Experimental medications were administered approximately 1 h after arrival. One hour after medication administration, participants were provided with a pack of their preferred brand of cigarettes and an assortment of snacks and decaffeinated drinks. Participants were then allowed to smoke, eat, and drink ad libitum for 4 h. Participants completed the self-reported drug-effect questionnaires 1, 2, 3, 4, and 5 h after drug administration. As a safety precaution, heart rate and blood pressure were recorded using an automated blood-pressure monitor (DINAMAP XL, Johnson and Johnson, Alexandria, TX) every 30 min for 3 h after medication administration and every hour for the remaining 2 h of the session. Carbon monoxide levels were recorded immediately before the participant completed the self-reported drug-effect questionnaires.
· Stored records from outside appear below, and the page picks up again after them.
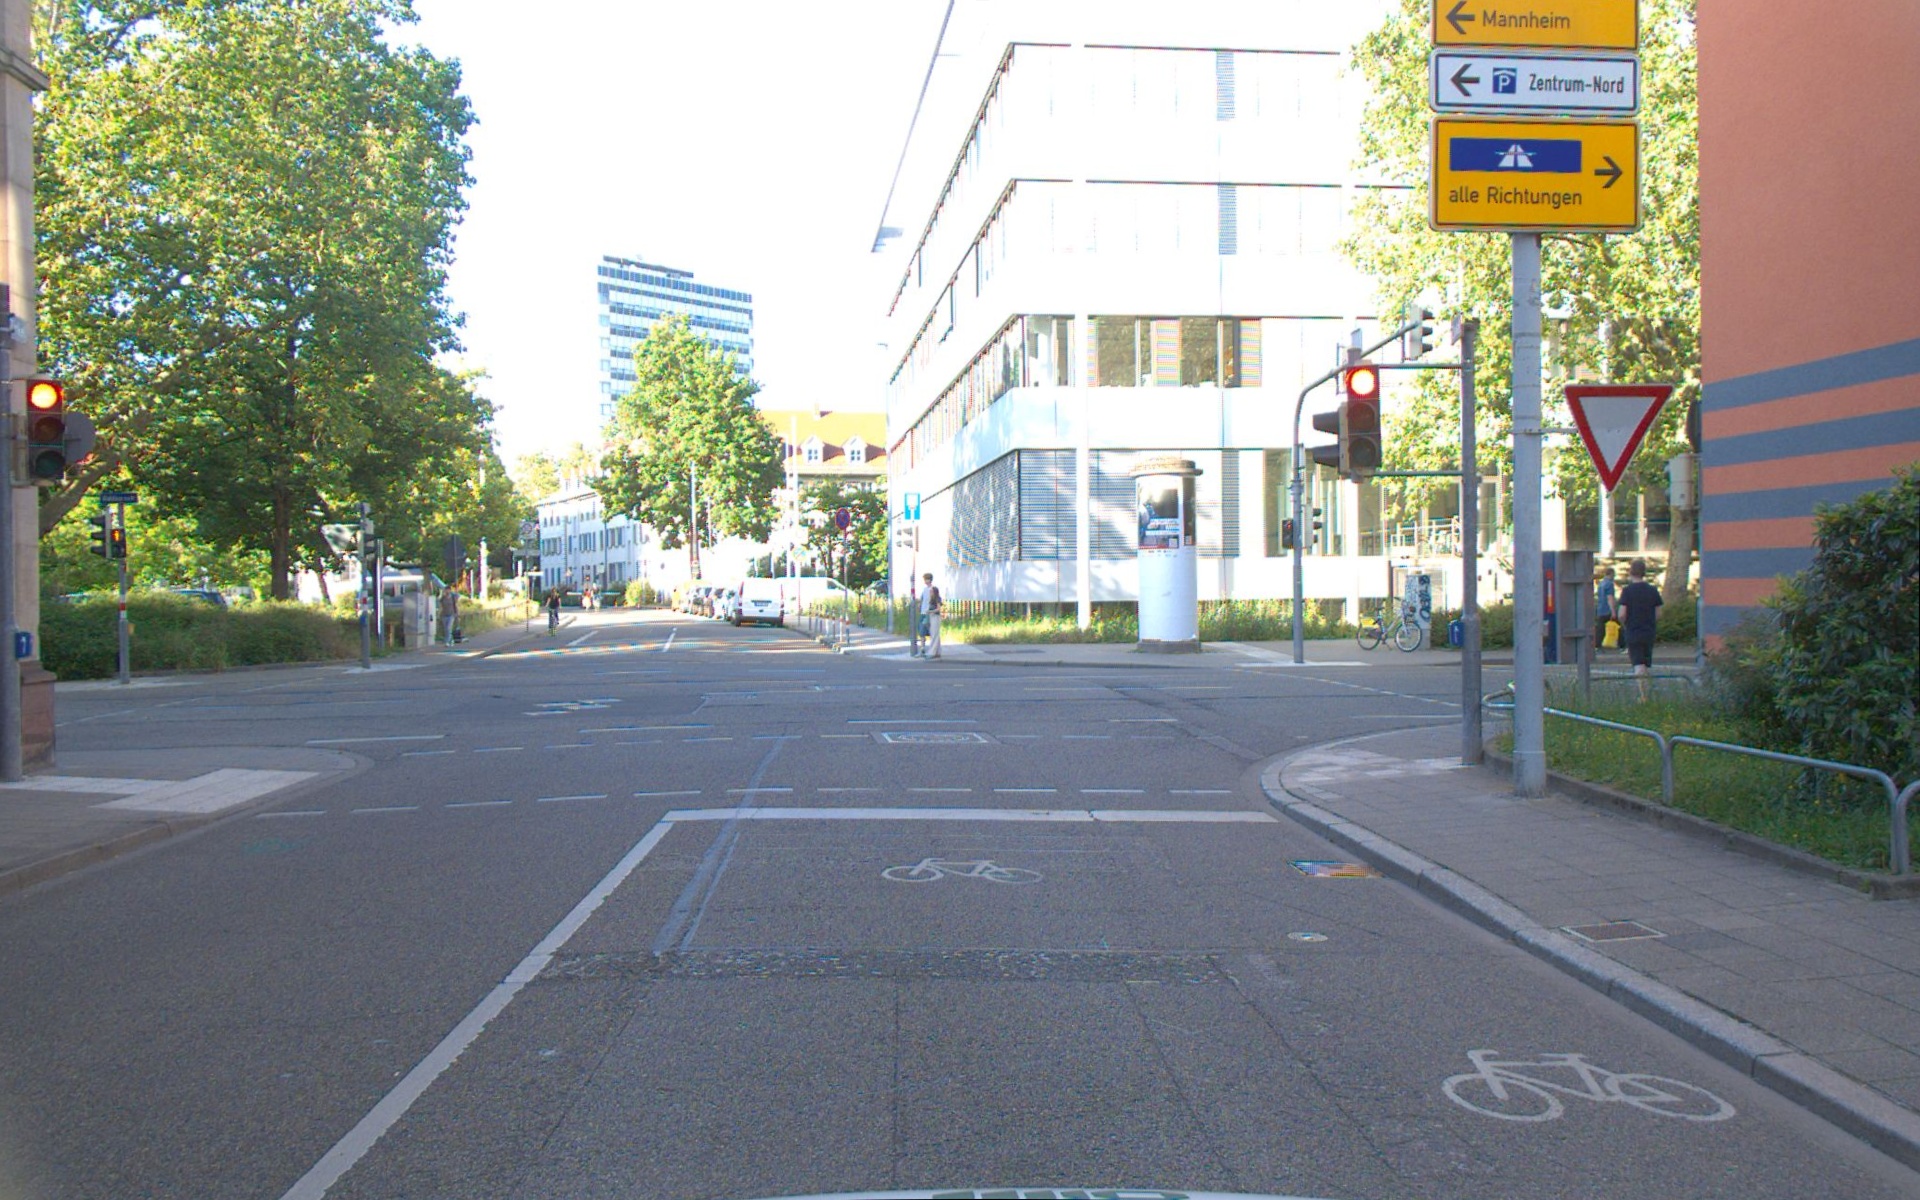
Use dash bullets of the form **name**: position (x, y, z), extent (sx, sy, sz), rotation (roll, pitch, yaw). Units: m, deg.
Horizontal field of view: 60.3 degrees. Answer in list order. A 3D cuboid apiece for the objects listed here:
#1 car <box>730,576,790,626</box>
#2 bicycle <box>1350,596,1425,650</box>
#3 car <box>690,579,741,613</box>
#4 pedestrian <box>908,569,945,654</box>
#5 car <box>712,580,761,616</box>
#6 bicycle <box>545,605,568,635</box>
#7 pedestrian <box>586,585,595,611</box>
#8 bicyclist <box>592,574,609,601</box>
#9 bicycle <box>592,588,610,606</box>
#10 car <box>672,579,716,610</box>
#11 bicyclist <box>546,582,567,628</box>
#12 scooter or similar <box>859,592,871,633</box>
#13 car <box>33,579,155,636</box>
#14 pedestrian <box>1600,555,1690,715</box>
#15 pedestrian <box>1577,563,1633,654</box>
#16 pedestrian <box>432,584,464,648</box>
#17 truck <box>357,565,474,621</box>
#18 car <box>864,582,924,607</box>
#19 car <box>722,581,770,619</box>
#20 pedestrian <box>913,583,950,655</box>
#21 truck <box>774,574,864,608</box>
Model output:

Outcome measures used to assess smoking included total cigarettes smoked, total puffs, and CO levels. Experimental sessions were digitally recorded, and smoking within each session was double-scored by a primary and secondary observer, both of whom were blind to the dose conditions. If the interobserver reliability was greater than or equal to 85%, data from the primary observer were used for data analysis. If the interobserver reliability was less than 85%, the session was rescored by both observers. Interobserver reliabilities exceeded 98%.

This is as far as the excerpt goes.